ADDENDUM If it's deltaX instead (and I guess it is on relooking at the pitchur and your followup below, then simply as mention in comment take the y() off the expression you already had--
dxEnd=x2(end)-x1(end);
  2 Kommentare
Andrew Wileman
Andrew Wileman am 13 Okt. 2015
Hi dpb, I see what you're getting at, I think. I want to find the corresponding value on the x axis, given the end y data point from each graph and then take the two away from each other. E.g. if y1(end) =0.021 say, the point x1 on the x axis = 50 say and if y2(end) = 0.023 say, x2 = 100. I want x2-x1, 100-50. Is that possible to do, or I'm I over complicating this? Thanks, Andy
dpb
dpb am 13 Okt. 2015
Seems to me the latter, yes.

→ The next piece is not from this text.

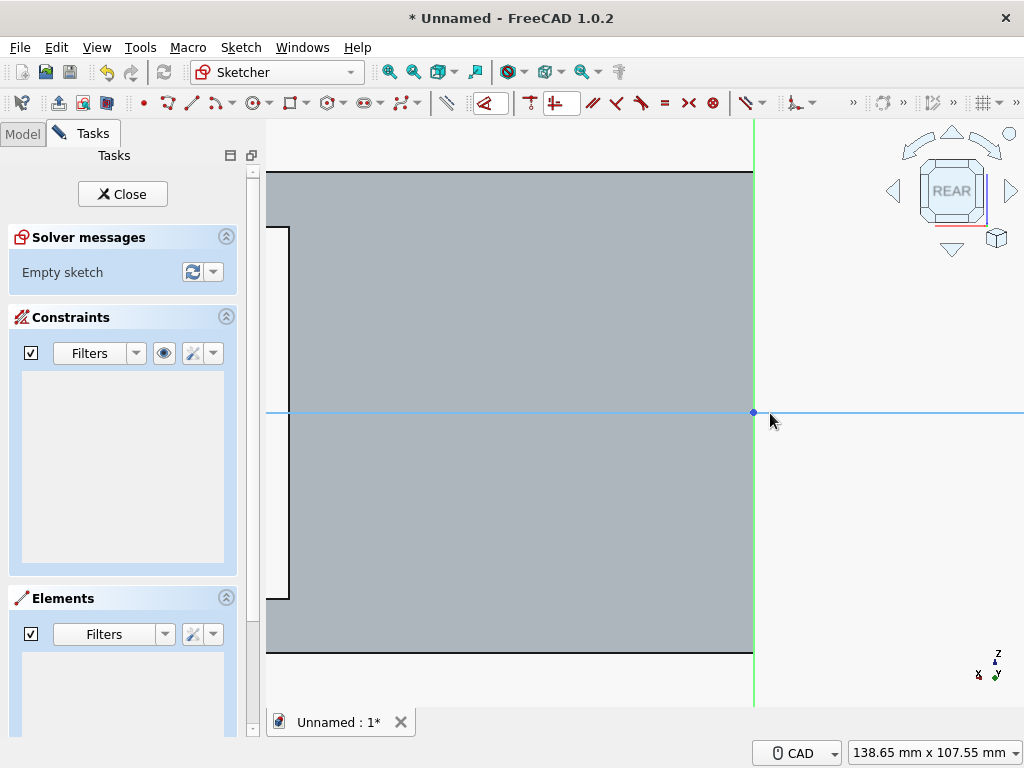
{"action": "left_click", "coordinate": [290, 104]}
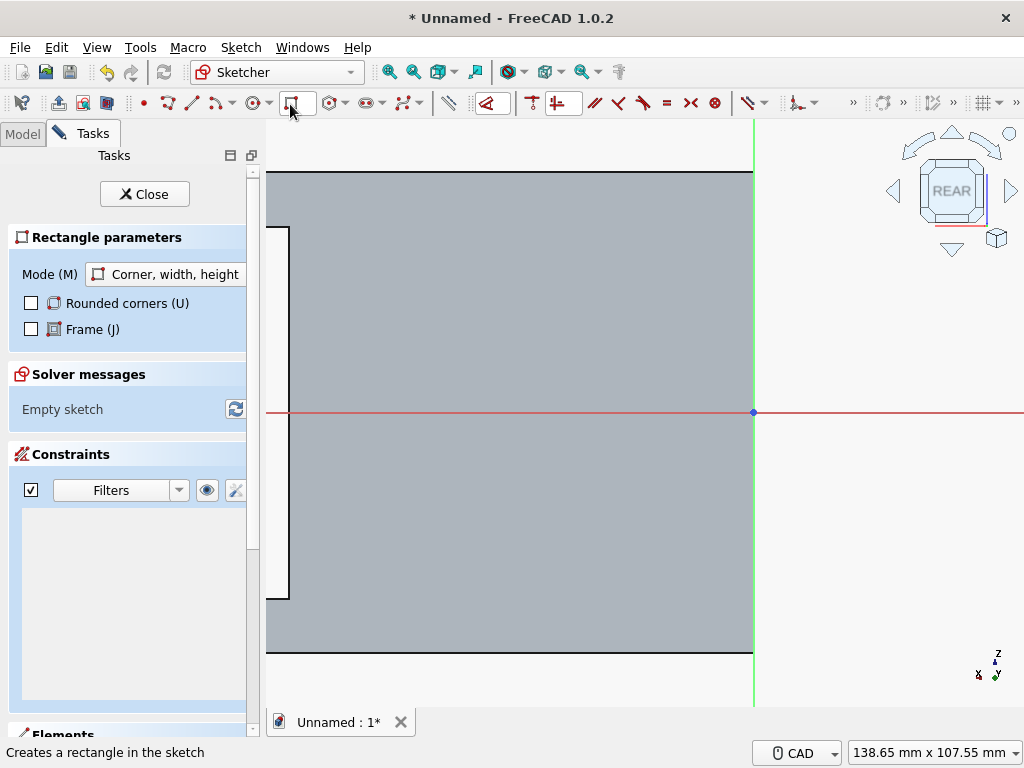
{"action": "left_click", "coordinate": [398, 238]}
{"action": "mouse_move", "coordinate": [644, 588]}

If you have the data with which to draw the graph, actually the graph itself is totally immaterial. It's simply
dxEnd = x2(end)-x1(end);
end here is the Matlab language element that is mult-valued by context; it serves as the conditional condition or function terminator but as an element of an array addressing expression it magically returns the last position in the array to which the index refers. In the above it has two values despite being the same function.
Again, if are meaning locations other than those of the data curves themselves, that's another issue but as you've described it you already have all the information needed.
Again, if that doesn't answer the question, try again. In that case, attach a short section of the two arrays (only four or five points from each is enough to illustrate as long as the values include a few at the beginning and end of each; that'll be enough to illustrate and for which you can show the precise values and the desired result.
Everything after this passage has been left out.